Mist Access Points (APs) for example, were built from the ground up with a new architecture that emits not just standard network element statistics, but high-volume detailed data related to individual users and their application-level experiences. These APs send thousands of metrics each minute and embrace a more user-centric than device-centric approach. By wrapping additional telemetry around individual users and their quality of experience a new level of fidelity is reached. This newly found richness and depth is one that AI and machine learning can mine, model and translate into actionable insights applied per-user or across the whole network.

By fundamentally rethinking the data model (including what’s generated, queryable and emitted) while using a more service-centric and user-centric approach, greater possibilities present themselves to inspect and correlate across complex dependencies. Once this higher cardinality data is created and consumed, greater observability is facilitated. This data can also be recombined, analyzed and mined by AI in new and novel ways for analytics or new services.

This path also empowers increased overall controllability and precision for everything from targeted messaging to specific optimizations and even to accelerate the evolution of the platforms themselves. In a world where SLEs (Service Level Expectations) have been heightened, increased confidence is required to both set and meet service levels. If, for example, the primitives optimized for are SLE-related, such as a user’s WLAN association and authentication events or their DNS response times, we can then teach an AI and its chatbot to understand what metrics and actions contribute to successful or unsuccessful outcomes.

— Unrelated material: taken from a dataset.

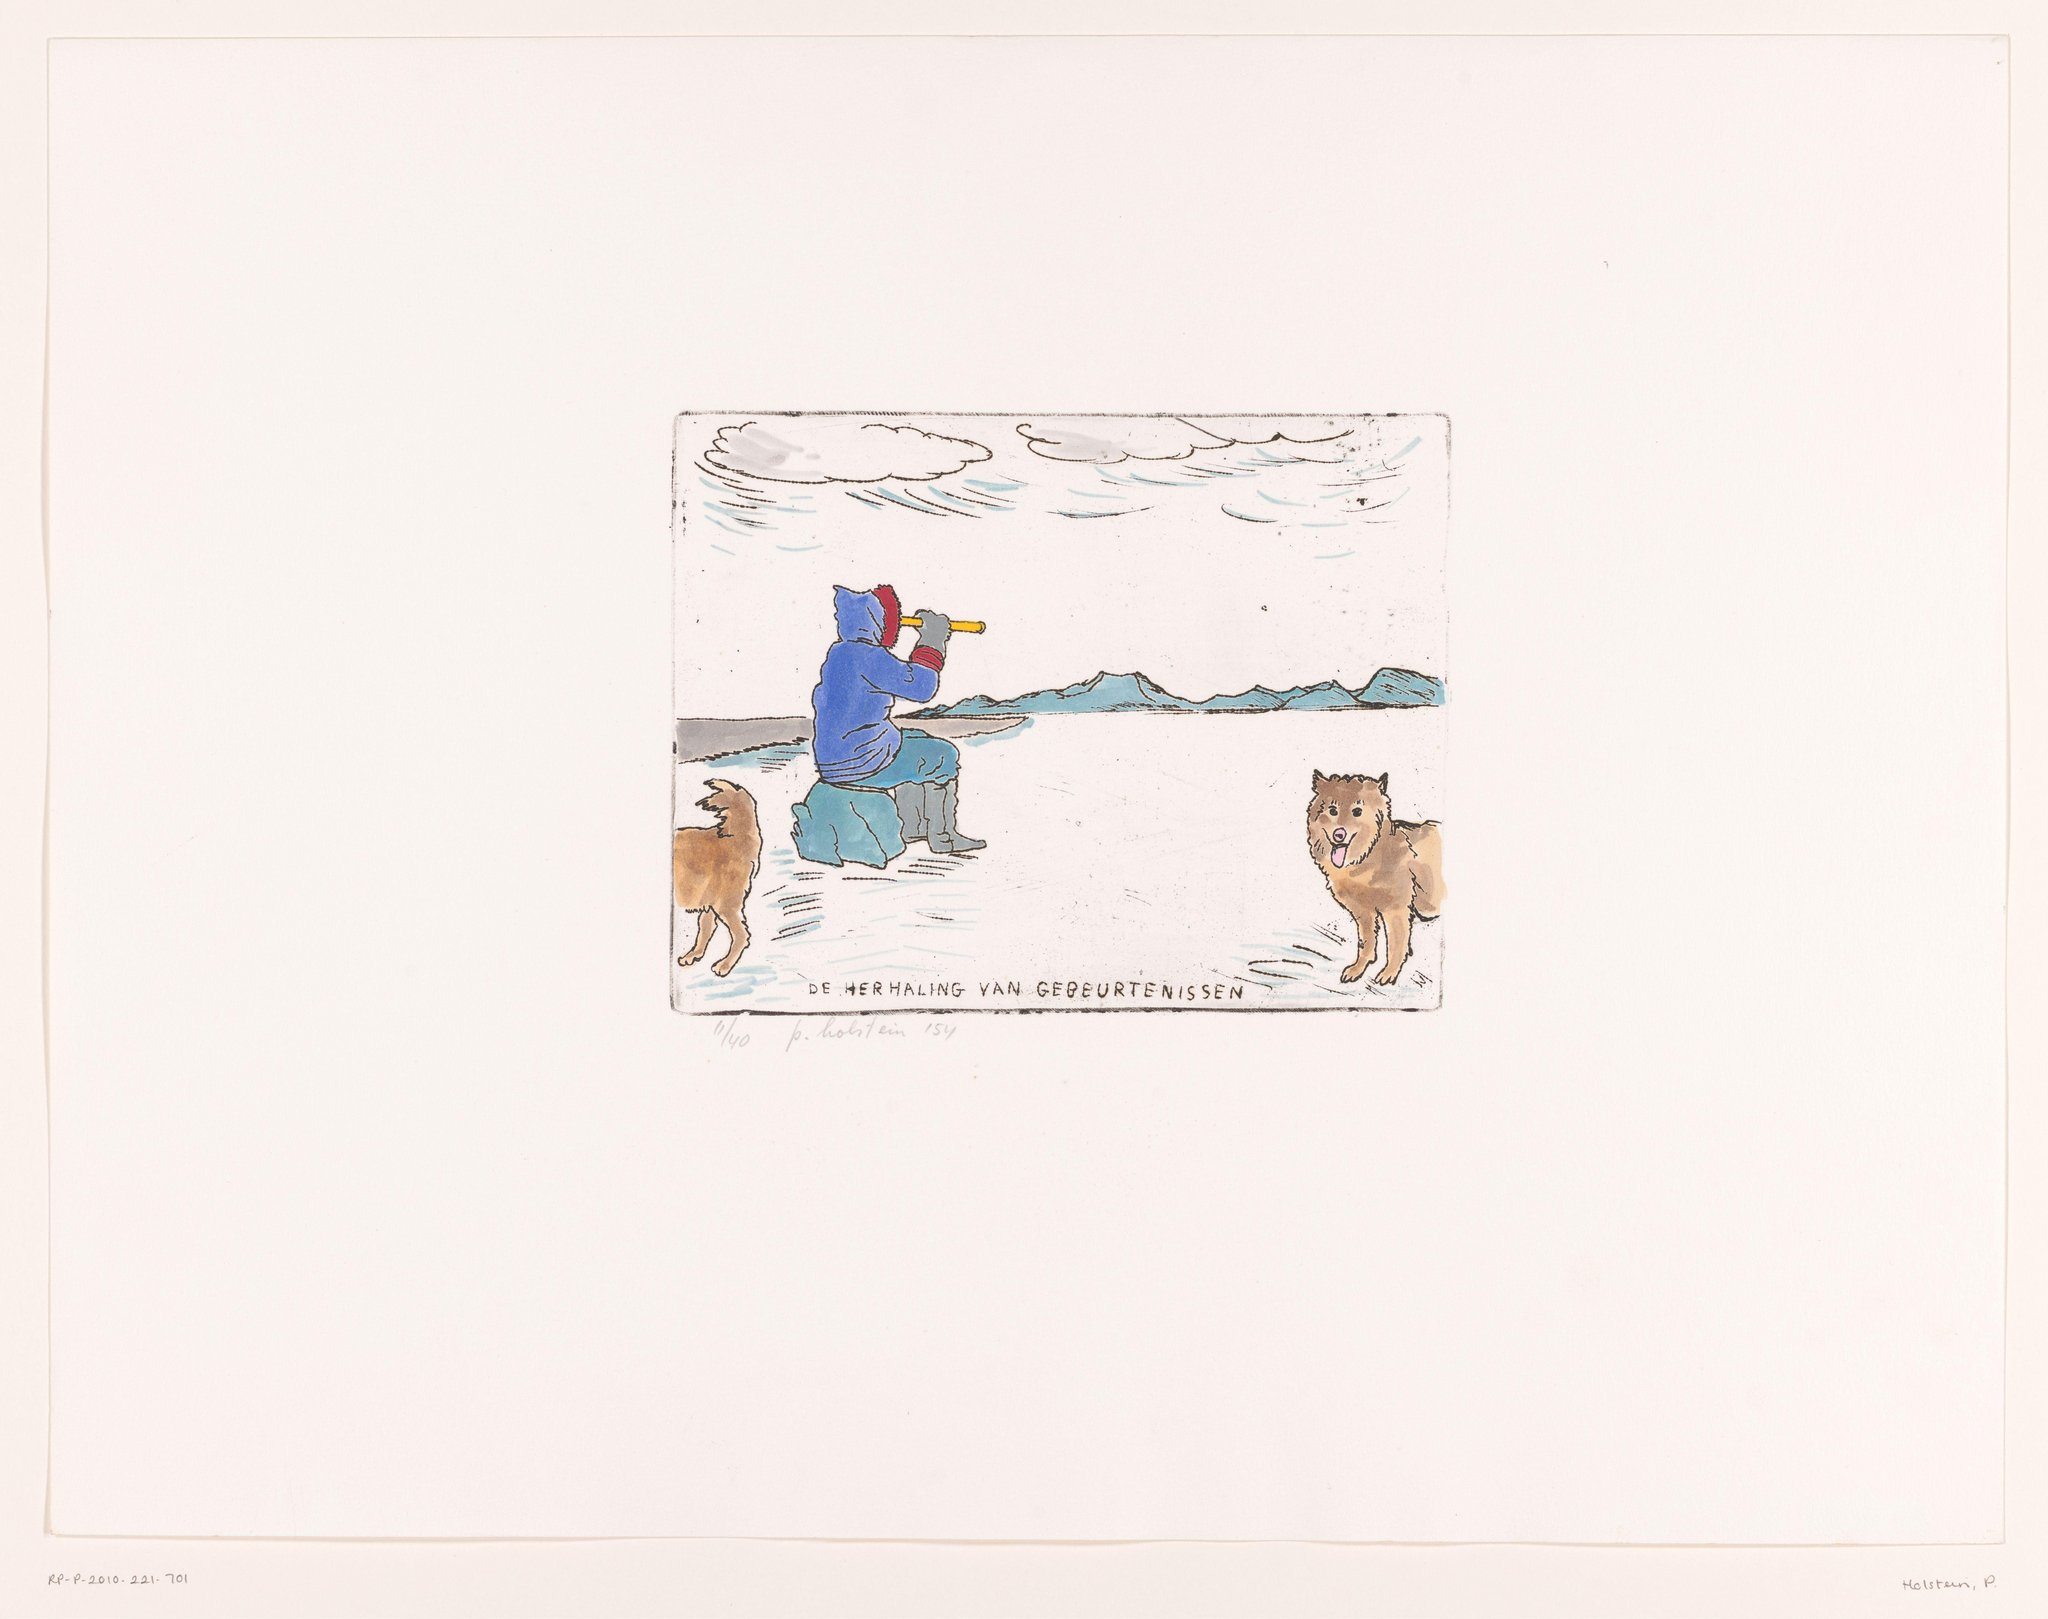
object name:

Network fabrics are complex distributed systems that traditionally used simple monitoring and metrics but when their observability is increased, a greater amount of internal and edge states can be represented. The ability to determine not just the behavior of the system as a whole, but that of its constituent parts is elevated. More questions can be asked and answered. This also allows for one of the goals of an AI-driven framework which is to continuously learn and improve while enhancing our human capabilities. Whether it is structured or unstructured data, or a mix of supervised and unsupervised learning, the right primitives mean learning modes and workflows can be chained together for greater context and to deliver better business value.

When the data, baselines and networks keep changing, how can you keep pace with accelerating complexity other than by enhancing your team’s capabilities? From the ore of raw data to the precious gems of corrective actions, an AI-powered chatbot can unearth solutions while easing burdens to ensure you stay in control.